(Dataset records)
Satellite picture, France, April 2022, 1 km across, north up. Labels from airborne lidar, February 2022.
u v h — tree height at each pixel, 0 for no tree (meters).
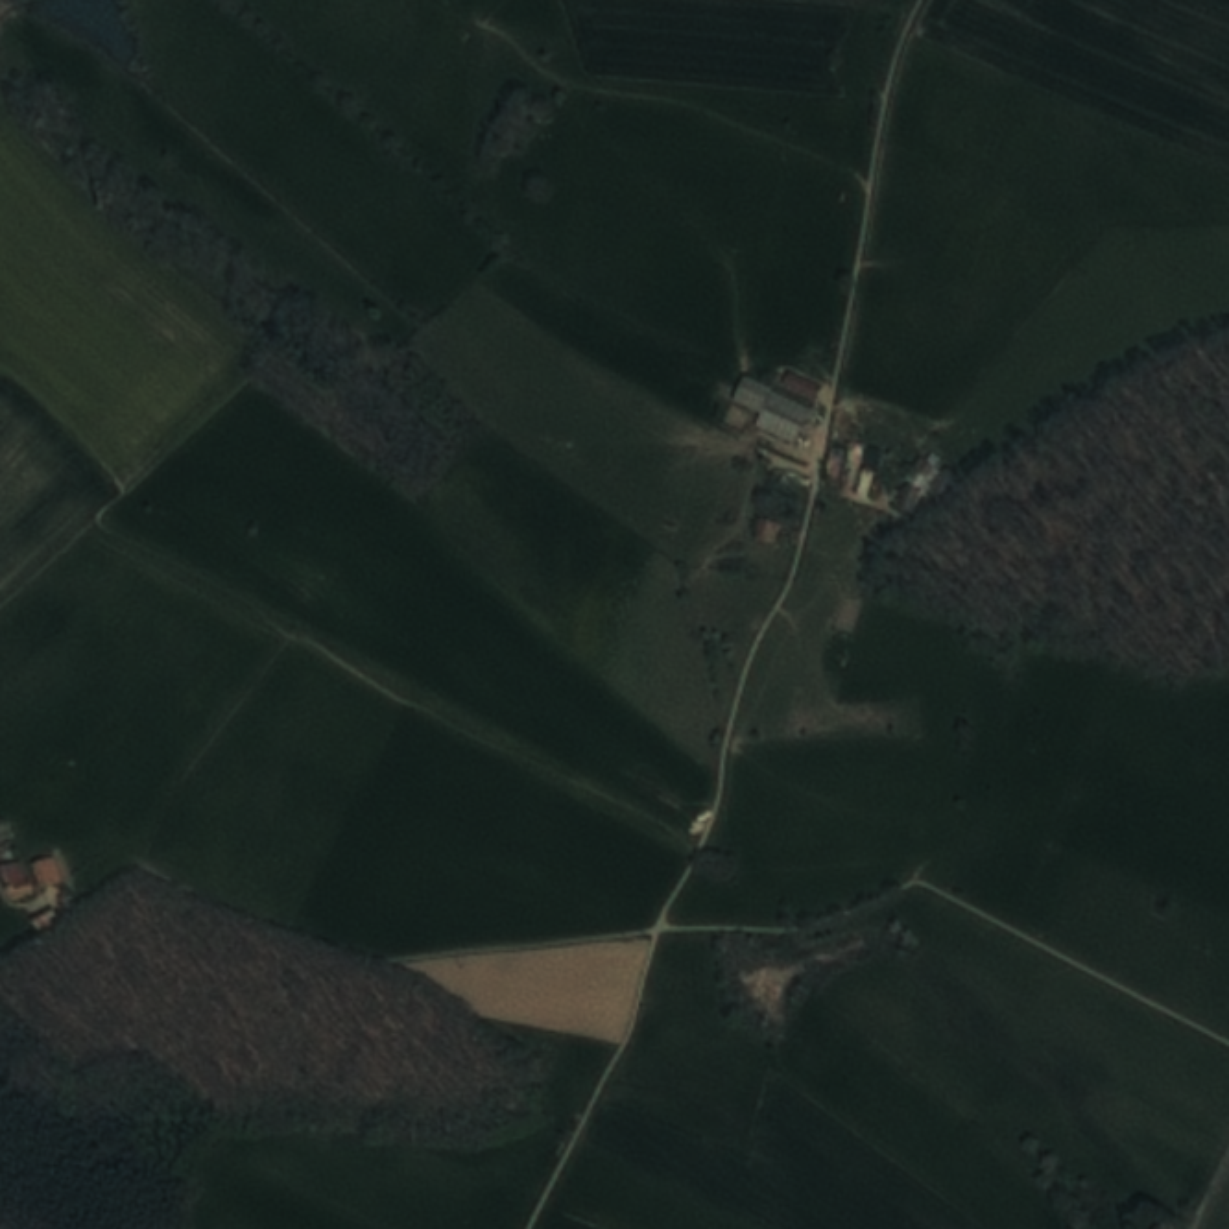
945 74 0
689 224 0
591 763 0
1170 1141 0
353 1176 0
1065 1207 21
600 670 0
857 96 0
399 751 0
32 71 0
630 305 0
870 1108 0
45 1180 23
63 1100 28
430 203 0
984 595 33
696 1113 0
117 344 0
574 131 0
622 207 0
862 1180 0
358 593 0
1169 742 0
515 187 0
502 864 0
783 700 0
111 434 0
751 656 0
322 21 0
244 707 0
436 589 0
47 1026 22
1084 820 0
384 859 0
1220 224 0
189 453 0
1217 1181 0
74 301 0
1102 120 0
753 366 0
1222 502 32
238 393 0
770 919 0
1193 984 0
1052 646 29
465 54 0
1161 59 0
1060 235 0
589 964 0
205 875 0
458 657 0
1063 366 0
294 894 0
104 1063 19
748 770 0
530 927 0
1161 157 0
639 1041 0
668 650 0
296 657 0
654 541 0
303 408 28
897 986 0
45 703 0
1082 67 0
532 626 0
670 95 0
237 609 0
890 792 0
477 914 0
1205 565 33
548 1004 0
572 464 0
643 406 0
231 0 17
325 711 0
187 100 0
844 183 0
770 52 0
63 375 0
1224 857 0
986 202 0
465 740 0
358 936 0
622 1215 0
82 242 0
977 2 0
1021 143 0
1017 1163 0
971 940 0
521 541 0
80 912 17
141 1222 28
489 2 0
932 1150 0
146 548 0
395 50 0
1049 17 0
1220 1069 0
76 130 17
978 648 23
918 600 29
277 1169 0
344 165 0
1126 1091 0
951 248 0
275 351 25
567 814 0
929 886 0
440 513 0
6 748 0
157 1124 29
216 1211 0
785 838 0
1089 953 0
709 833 0
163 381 0
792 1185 0
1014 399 0
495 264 9
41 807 0
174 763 0
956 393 0
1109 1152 0
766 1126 0
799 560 0
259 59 0
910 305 0
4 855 0
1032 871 0
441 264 0
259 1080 21
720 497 0
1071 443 34
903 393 0
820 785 0
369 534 0
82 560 0
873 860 0
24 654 0
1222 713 0
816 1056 0
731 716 0
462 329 0
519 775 0
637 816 0
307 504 0
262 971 23
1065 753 0
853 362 0
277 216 0
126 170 19
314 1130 17
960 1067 0
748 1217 0
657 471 0
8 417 0
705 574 0
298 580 0
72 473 0
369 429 28
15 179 0
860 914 12
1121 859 0
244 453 0
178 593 0
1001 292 0
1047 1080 0
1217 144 0
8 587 0
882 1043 0
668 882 0
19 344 0
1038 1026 0
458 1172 0
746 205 0
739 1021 19
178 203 0
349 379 37
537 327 0
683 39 0
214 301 0
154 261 13
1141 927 0
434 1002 20
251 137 0
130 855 0
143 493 0
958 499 25
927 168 0
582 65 0
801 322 0
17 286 0
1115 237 0
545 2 0
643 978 0
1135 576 35
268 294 19
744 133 0
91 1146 27
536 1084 29
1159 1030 0
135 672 0
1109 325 0
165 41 0
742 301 0
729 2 0
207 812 0
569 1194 0
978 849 0
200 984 17
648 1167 0
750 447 0
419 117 0
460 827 0
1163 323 0
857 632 0
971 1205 0
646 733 0
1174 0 0
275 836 0
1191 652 30
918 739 0
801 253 0
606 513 0
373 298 0
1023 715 0
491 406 0
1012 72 0
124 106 0
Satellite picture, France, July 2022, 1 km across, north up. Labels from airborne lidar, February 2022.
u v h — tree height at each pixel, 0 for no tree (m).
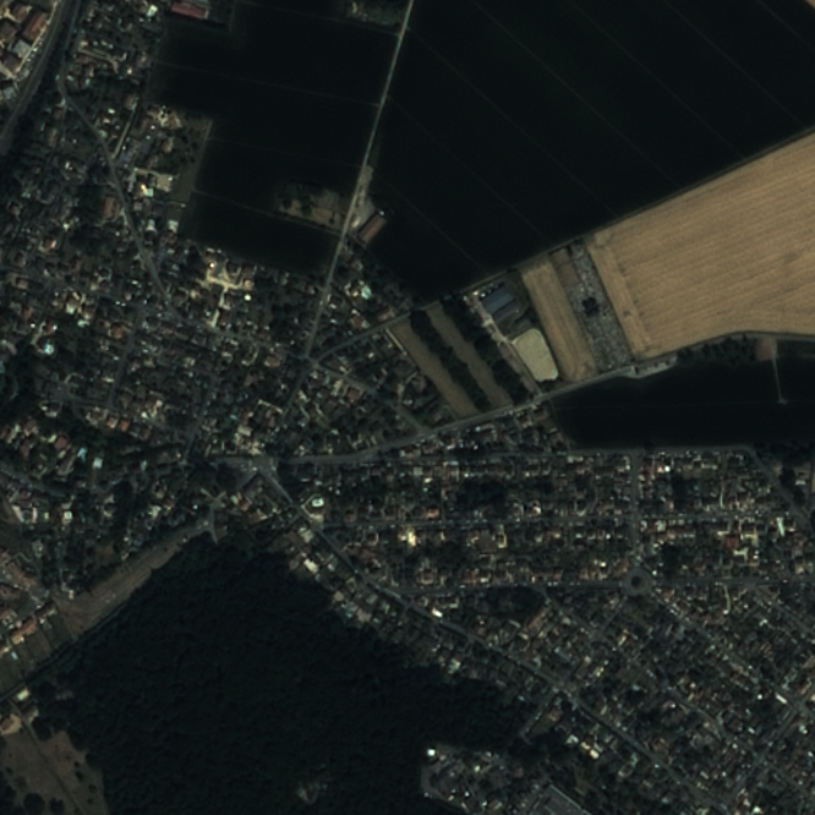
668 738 0
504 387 6
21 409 19
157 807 20
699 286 0
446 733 19
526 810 0
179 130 5
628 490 0
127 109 6
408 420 0
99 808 0
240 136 0
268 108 0
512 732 16
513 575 0
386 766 20
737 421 0
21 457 19
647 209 0
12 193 17
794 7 0
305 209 8
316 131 0
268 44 0
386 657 11
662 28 0
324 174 0
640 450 0
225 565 19
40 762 0
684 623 0
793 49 0
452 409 0
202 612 23
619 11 0
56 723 14
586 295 0
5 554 0
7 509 0
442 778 0
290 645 26
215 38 0
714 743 0
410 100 0
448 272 0
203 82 0
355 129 0
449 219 0
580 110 0
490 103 0
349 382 0
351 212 0
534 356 0
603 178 0
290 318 9
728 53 0
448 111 0
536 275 0
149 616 17
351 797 13
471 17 0
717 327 0
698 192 0
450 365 8
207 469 15
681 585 0
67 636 0
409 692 23
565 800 0
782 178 0
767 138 0
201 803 20
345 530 9
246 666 25
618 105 0
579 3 0
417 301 14
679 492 17
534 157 0
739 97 0
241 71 0
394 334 0
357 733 19
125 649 20
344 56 0
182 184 0
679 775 7
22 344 13
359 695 17
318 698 20
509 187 0
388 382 14
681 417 0
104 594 0
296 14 0
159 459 0
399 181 0
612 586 0
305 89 0
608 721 0
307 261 0
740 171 0
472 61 0
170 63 0
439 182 0
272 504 0
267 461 0
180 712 23
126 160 0
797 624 0
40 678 6
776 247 0
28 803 11
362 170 0
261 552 6
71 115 11
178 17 11
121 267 0
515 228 0
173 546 0
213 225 0
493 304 0
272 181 0
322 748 20
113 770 18
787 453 17
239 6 0
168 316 0
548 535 0
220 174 0
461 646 9
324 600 18
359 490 10
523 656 0
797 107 0
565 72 0
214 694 22
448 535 0
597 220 0
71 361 6
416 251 0
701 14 0
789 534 6
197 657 21
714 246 0
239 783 23
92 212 6
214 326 0
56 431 13
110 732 21
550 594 15
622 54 0
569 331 0
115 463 6
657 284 0
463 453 11
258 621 21
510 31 0
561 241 0
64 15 0
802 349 0
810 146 0
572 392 0
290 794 14
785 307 0
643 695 12
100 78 6
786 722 0
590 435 0
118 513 10
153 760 21
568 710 16
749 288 0
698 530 11
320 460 0
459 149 0
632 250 0
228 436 10
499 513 10
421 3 0
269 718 19
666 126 0
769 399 0
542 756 16
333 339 11
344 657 23
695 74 0
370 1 10
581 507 9
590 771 12
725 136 0
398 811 20
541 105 0
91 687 22
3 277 6
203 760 23
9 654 0
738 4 0
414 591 0
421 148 0
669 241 0
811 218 0
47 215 6
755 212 0
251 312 0
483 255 0
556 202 0
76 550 11
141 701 15
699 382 0
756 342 0
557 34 0
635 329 0
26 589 0
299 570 0
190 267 6
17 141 6
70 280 11
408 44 0
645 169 0
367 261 13
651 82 0
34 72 0
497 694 15
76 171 6
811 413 0
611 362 0
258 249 0
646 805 10
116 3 8
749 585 0
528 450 9
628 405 0
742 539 7
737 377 0
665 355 0
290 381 6
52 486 7
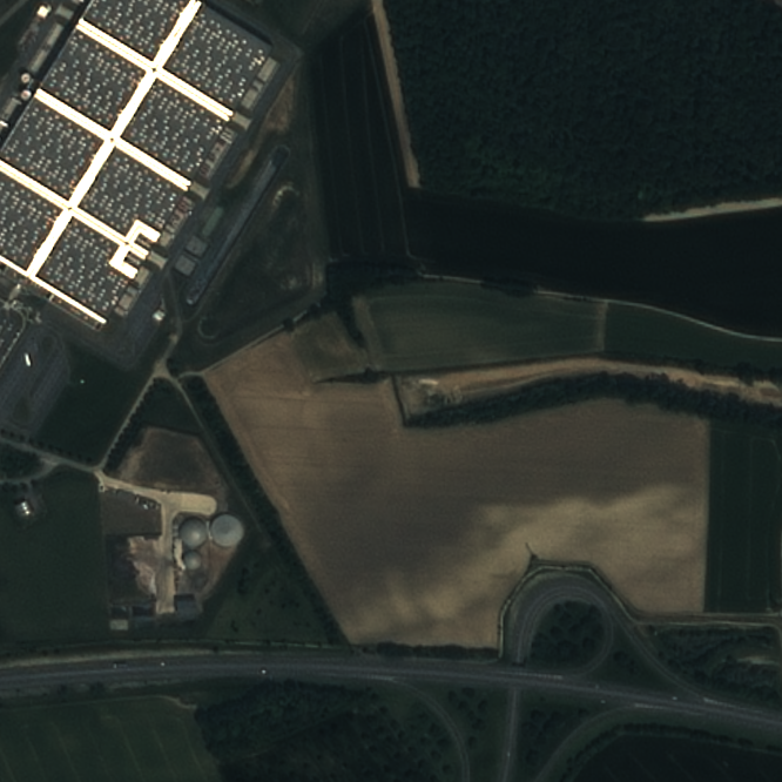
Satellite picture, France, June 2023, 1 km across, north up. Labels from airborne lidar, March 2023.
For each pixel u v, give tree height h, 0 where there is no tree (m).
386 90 0
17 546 0
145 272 0
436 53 27
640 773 0
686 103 22
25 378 0
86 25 0
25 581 0
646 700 0
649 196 15
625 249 0
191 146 0
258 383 0
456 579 0
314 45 0
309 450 0
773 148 23
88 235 0
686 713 0
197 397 7
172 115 0
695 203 12
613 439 0
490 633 0
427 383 0
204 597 0
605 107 26
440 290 0
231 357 0
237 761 0
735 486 0
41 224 0
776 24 12
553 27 19
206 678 0
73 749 0
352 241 0
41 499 0
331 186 0
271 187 0
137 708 0
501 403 10
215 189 0
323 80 0
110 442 0
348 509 0
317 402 0
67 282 0
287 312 0
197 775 0
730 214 0
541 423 0
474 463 0
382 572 0
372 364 0
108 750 0
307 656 0
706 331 0
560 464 0
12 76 0
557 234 0
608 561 0
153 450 0
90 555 0
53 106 0
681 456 0
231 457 8
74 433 0
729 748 0
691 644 0
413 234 0
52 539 0
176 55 0
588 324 0
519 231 0
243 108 0
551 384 6
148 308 0
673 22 18
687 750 0
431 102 21
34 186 0
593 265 0
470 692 9
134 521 0
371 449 0
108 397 0
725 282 0
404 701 0
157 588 0
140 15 0
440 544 0
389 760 0
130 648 0
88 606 0
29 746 0
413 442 0
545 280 0
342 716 0
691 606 0
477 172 20
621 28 24
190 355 0
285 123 0
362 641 0
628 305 0
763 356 0
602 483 0
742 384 0
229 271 0
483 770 0
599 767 0
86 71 0
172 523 0
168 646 0
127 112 0
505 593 0
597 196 15
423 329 0
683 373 0
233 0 0
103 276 0
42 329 0
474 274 0
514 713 0
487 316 0
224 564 0
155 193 0
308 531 0
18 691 0
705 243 0
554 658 13
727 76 23
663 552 0
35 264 0
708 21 26
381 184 0
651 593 0
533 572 0
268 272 0
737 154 18
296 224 0
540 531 0
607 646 0
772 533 0
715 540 0
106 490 0
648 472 0
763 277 0
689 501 0
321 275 0
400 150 0
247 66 0
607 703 0
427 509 0
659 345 0
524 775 0
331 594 0
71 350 0
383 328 0
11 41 0
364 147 0
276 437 0
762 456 0
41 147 0
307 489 0
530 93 26
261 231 0
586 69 27
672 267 0
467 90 27
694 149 18
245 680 0
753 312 0
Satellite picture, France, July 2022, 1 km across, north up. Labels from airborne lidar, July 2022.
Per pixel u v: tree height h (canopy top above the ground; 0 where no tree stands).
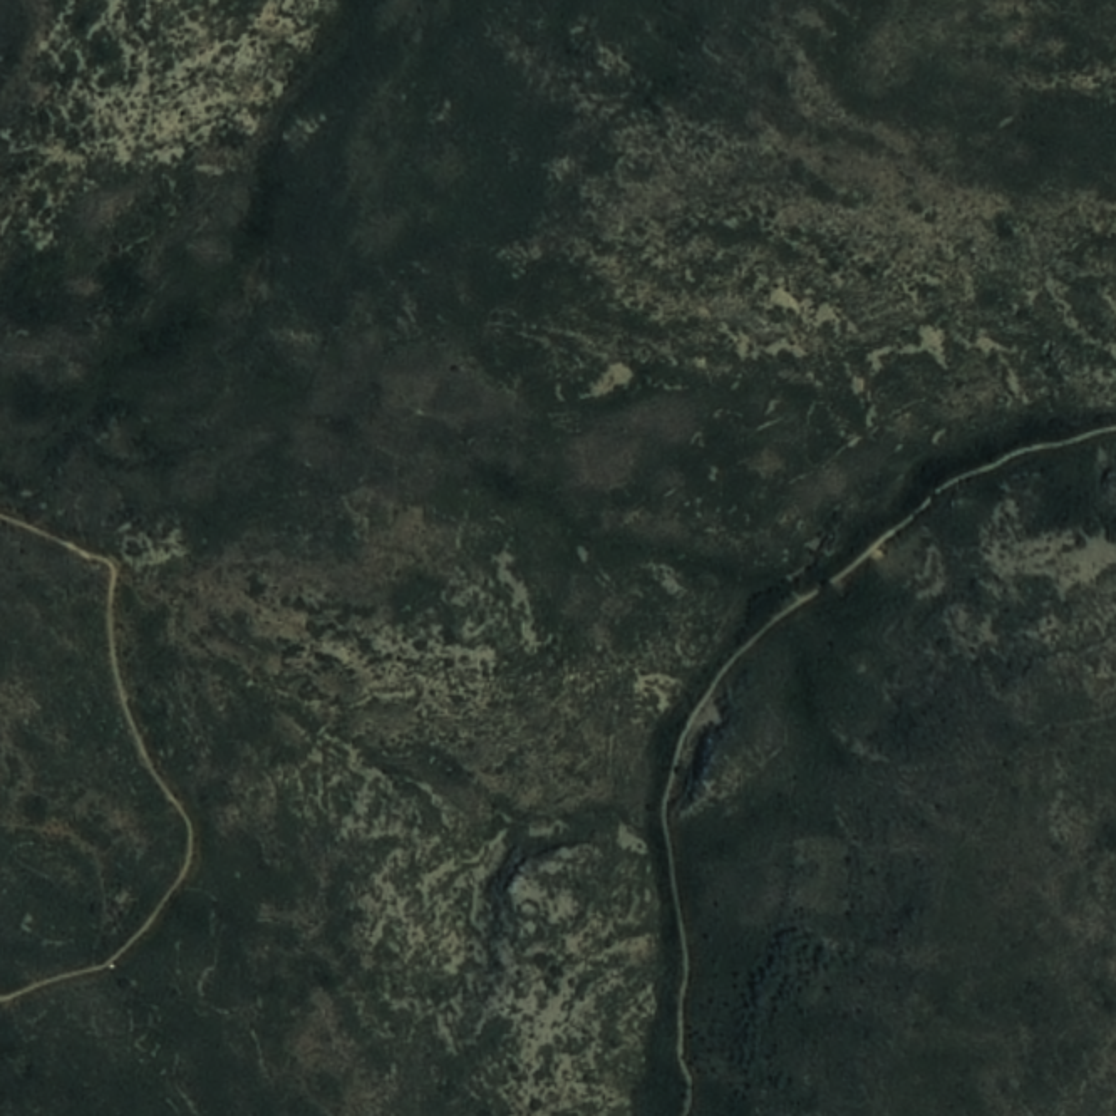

## Work to be completed
If a line above contains the word "pixel", it counts; state how many lines count, and nothing more.

## Task response
4